Originally published in Acupuncture Today, April, 2012
Chinese nephropathy exists. There have been hundreds of cases of kidney-failure due to aristolochic acid-containing Chinese herbs in the West, and probably many times more in China, Taiwan and throughout Asia. This problem was first identified in the early 1990s in Belgium, when toxic herbs containing aristolochic acid (AA) were wrongfully used in weight-loss formulas. Herbs containing aristolochic acid were identified, listed, and promptly banned throughout Europe, the UK, and the USA. Presently, in the United States, it is virtually impossible to obtain raw herbs or products containing AA, with the possible exception of small Chinatown herb stores importing herbs and products from overseas relatives.
American patients of licensed practitioners of Chinese herbal medicine should have confidence. Established importers like Nuherbs batch-check raw herbs and herbal products as they arrive in California. They have Certificates of Analysis from independent American laboratories that are available for every herb and every formulated product. All herbal formulas come from factories meeting international levels of GMP (Good Manufacturing Practice). There are no heavy metals, pharmaceuticals, or other chemicals, and no herbs listed as containing aristolochic acid or other known toxins.

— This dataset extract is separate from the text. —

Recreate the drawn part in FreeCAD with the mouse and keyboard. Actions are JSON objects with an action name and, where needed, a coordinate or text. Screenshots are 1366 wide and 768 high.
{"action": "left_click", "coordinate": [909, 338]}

Despite these standards, there is a growing chorus from medical doctors about the toxicity of Chinese herbs, about how they cause kidney failure, in general. Although the aristolochic acid nephropathy nephropathy issue was settled almost 20 years ago, doctors continue to malign the safety of Chinese herbs, in general. In the last month or so, at least three patients reported to me that their physicians told them not to take Chinese herbs because they cause kidney failure. A pediatrician told a mother not to give her baby herbs I had recommended, because “Chinese herbs cause kidney failure, especially in children”!

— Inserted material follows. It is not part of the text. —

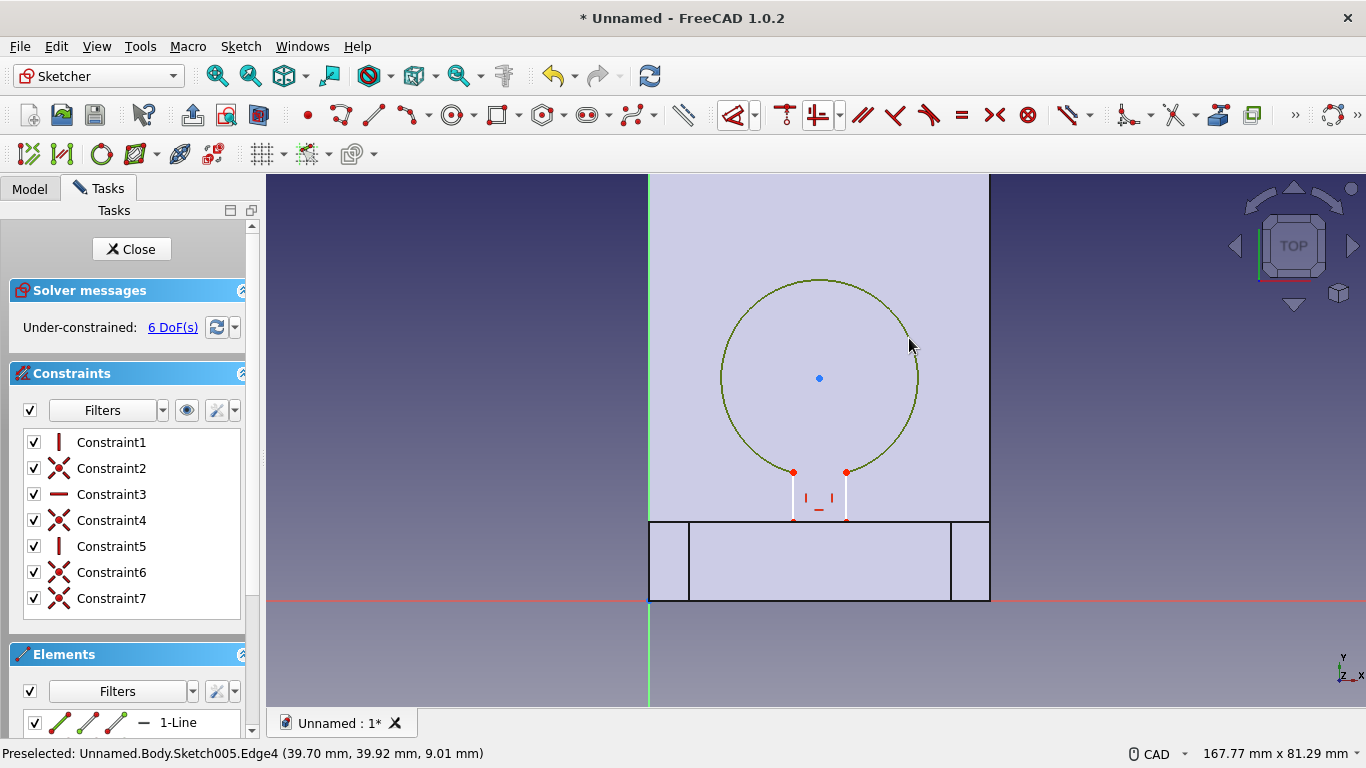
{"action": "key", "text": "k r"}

This is absurd. What started as an isolated clinical phenomenon has morphed into a modern urban legend, spread by innuendo and misinformation, and not at all based on the facts. This is somewhat surprising, given the medical profession’s reliance on “evidence-based medicine”. It is also surprising because, outside of the cases of AA herbal nephropathy, there have been no other cases of toxicity or harmful effects in Chinese medicine as practiced in the United States. None. Zip. Nada. [i]
Here are the facts. Aristolochic acid can be toxic to the kidneys in large amounts or prolonged application, and Chinese TCM textbooks have pointed this out since the 1950s. Well-educated TCM herbalists do not commonly use herbs containing AA. The main cases involving toxic levels of AA herbs have occurred with improper substitution of AA herbs for non-AA herbs that have a similar name. For example, the initial situation in Belgium involved the substitution of guăng fáng jĭ (广防己, Radix Aristolochiae Fangchi) for fáng jĭ (防己, Radix Stephaniae Tetrandrae). A medical doctor without knowledge or training in TCM made this substitution in his weight-loss clinic, obtaining the herb from unreliable sources. He used large amounts of guăng fáng jĭ for prolonged periods of time, certainly beyond what a traditional prescription would call for.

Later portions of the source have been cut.